First, I included the specific rownames
and colnames
that I want to include in the output. This is purely for display purposes but can be useful if the column names in the dataframe are not very specific. Next, I used dropna=False
at the end of the function call. The reason I included this is that I wanted to make sure to include all the rows and columns even if they had all 0’s. If I did not include it, then the final Volvo, two-door row would have been omitted from the table. I want to make one final note on this table. It does include a lot of information and maybe too difficult to interpret. That’s where the art of data science (or any analysis) comes in and you need to determine the best way to present the data. This leads to the final part of this article.
For the final example, I will bring it all together by showing how the output of the crosstab can be passed to a seaborn heatmap in order to visually summarize the data.

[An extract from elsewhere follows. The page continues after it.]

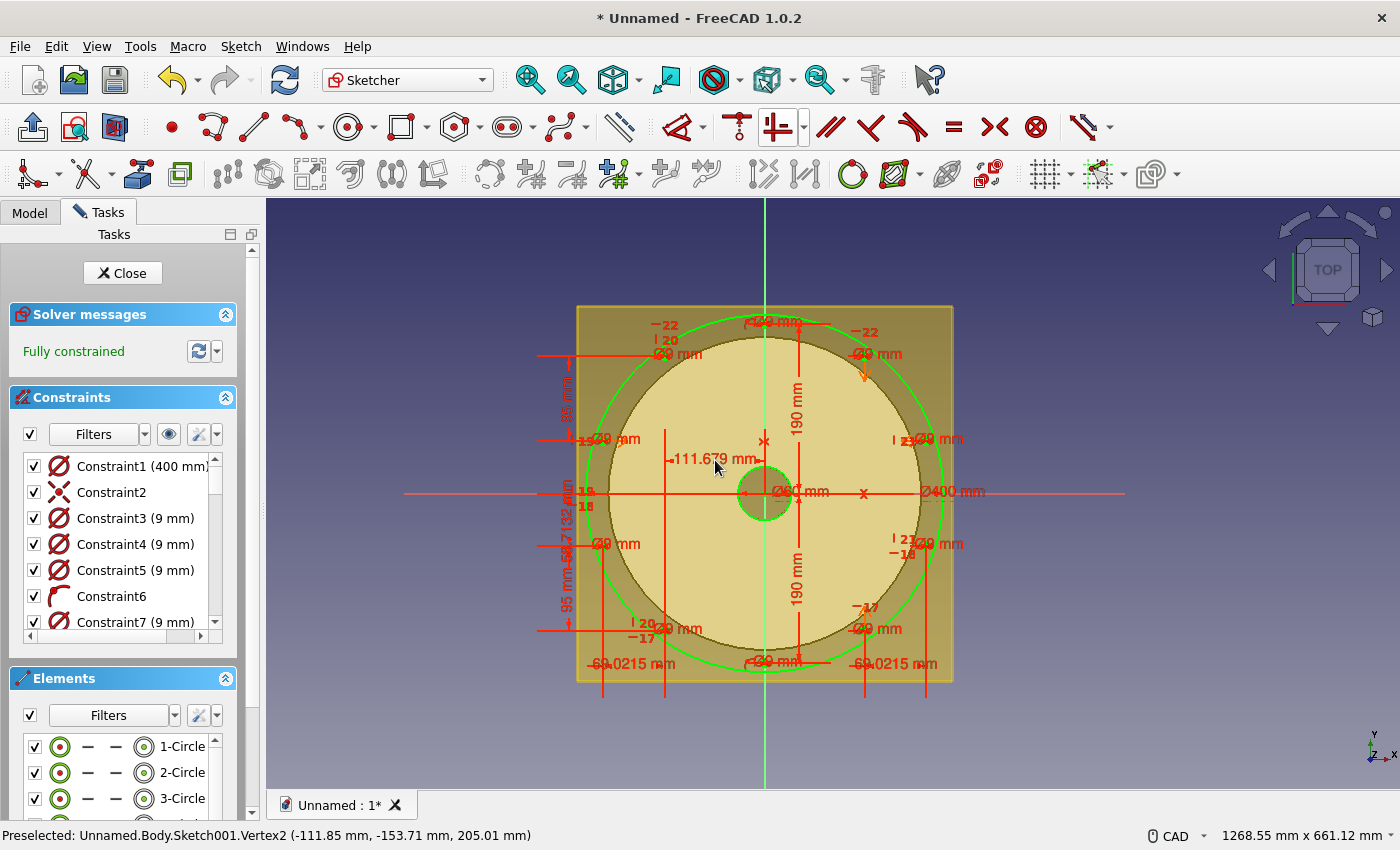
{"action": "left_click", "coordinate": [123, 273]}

In our last table, we ended up with a table of 240 values. This is too dense to quickly analyze but if we use a heatmap, we can easily interpret the data. Fortunately, seaborn can take the output from the crosstab and visualize it:
sns.heatmap(pd.crosstab([df.make, df.num_doors], [df.body_style, df.drive_wheels]), cmap="YlGnBu", annot=True, cbar=False)
One of the really useful aspects of this approach is that seaborn collapses the grouped column and row names so that they can be more easily read.
In order to bring this all together, here is a cheat sheet showing how to use all the various components of the crosstab function. You can download the PDF version here.
The pandas crosstab function is a useful tool for summarizing data. The functionality overlaps with some of the other pandas tools but it occupies a useful place in your data analysis toolbox. After reading this article, you should be able to incorporate it into your own data analysis.